JL: Not my idea. Some years back I was asked to join a pilot project at the paper in which two reporters each took on two mini-beats to explore how Americans live now. Amy Harmon said she wanted to do health and technology. Done. I said I wanted to do gay life and the “creative class,” which was much in the news at the time. The editor said, “Perfect. You do religion and retirement.” Present company excepted, it was the best gift an editor ever gave me. Both those topics, aging and religion, cut right to the heart of people’s emotional lives. Then in 2015, when I got approval to write a yearlong series about people over age eighty-five—one of the fastest-growing age groups in the country—I expected to write about the hardships of old age: the aches and pains, the physical and cognitive decline, we all know the script. But it felt too familiar, so finally I proposed just following six people and letting their lives dictate the articles. A very hands-off approach, made possible by a gutsy editor. And it paid off. The elders had the hardships I imagined, but none of them defined themselves by those hardships. Only other people did that. And the series took off from there. It took me most of the year to learn how to write about what they were showing me, and then another year to turn what I was learning from them into a book. And that took another gutsy and smart editor.

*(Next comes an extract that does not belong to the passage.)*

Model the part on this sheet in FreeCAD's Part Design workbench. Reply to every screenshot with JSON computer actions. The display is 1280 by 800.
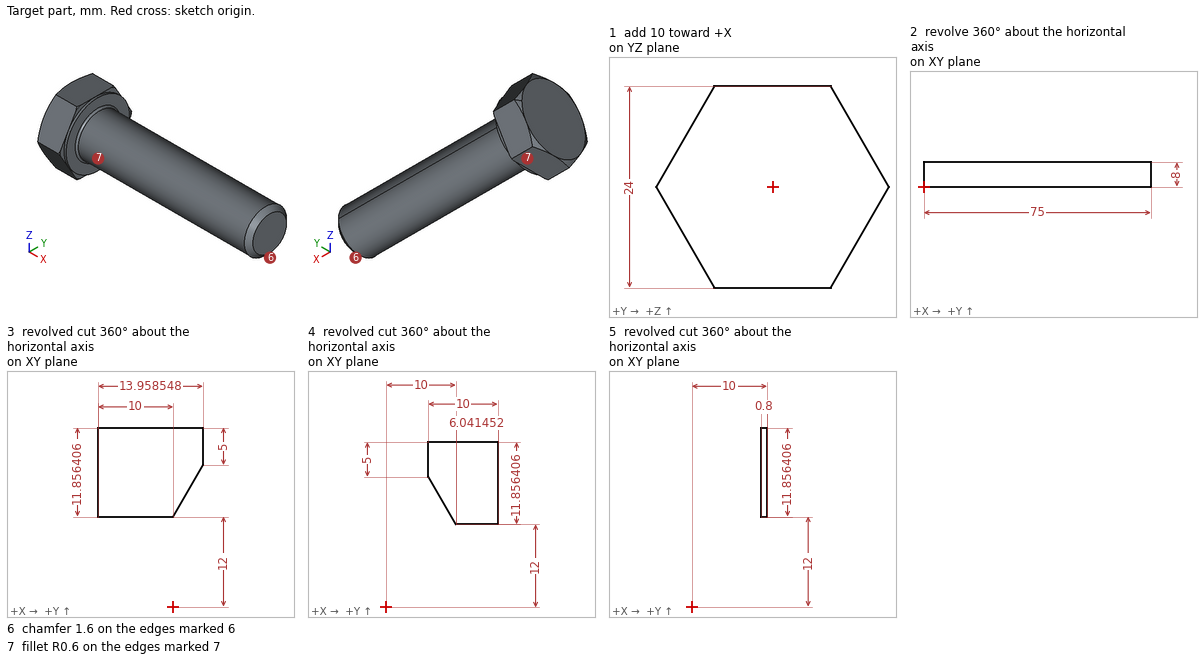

The elders had the hardships I imagined, but none of them defined themselves by those hardships. Only other people did that.

SC: As your editor, I should cut that line. But I’m not going to. My doctor called me the other morning to rave about your book. She called it “phenomenal” and “biblical.” “It’s so full of wisdom,” she said. “I’m reading it slowly to savor every page.” It made me very proud. But the truth is, as you well know, I didn’t really see at first that your profiles could be the basis for a book. We had lunch and you said, “Do you think it’s a book?” And I said, “I’m not sure it is.” But then you said to me, and you glowed as you said it (truly!), you said, “But I’ve been changed by this experience. It’s made me a different person. And I really want to write a book that shares what I’ve learned.” And I could see that that was true, and that you had something important to say.

JL: What I remember is that I was the first writer in history who went to lunch with an editor and picked up the tab. Lucky it wasn’t dinner! Best money I ever spent. You helped me see the value in lessons we may have heard before, and in connecting to them viscerally—as lives we can live, not aphorisms we can put on our refrigerators. My next book is called Waste Not, Want Not. Free for lunch next week?

SC: You bet. I’ll pay.

John Leland is a reporter at The New York Times, where he wrote a yearlong series that became the basis for Happiness Is a Choice You Make, and the author of two previous books, Hip: The History and Why Kerouac Matters: The Lessons of “On the Road” (They’re Not What You Think). Before joining the Times, he was a senior editor at Newsweek, editor in chief of Details, a reporter at Newsday, and a writer and editor at Spin magazine.

Sarah Crichton is the publisher of Sarah Crichton Books.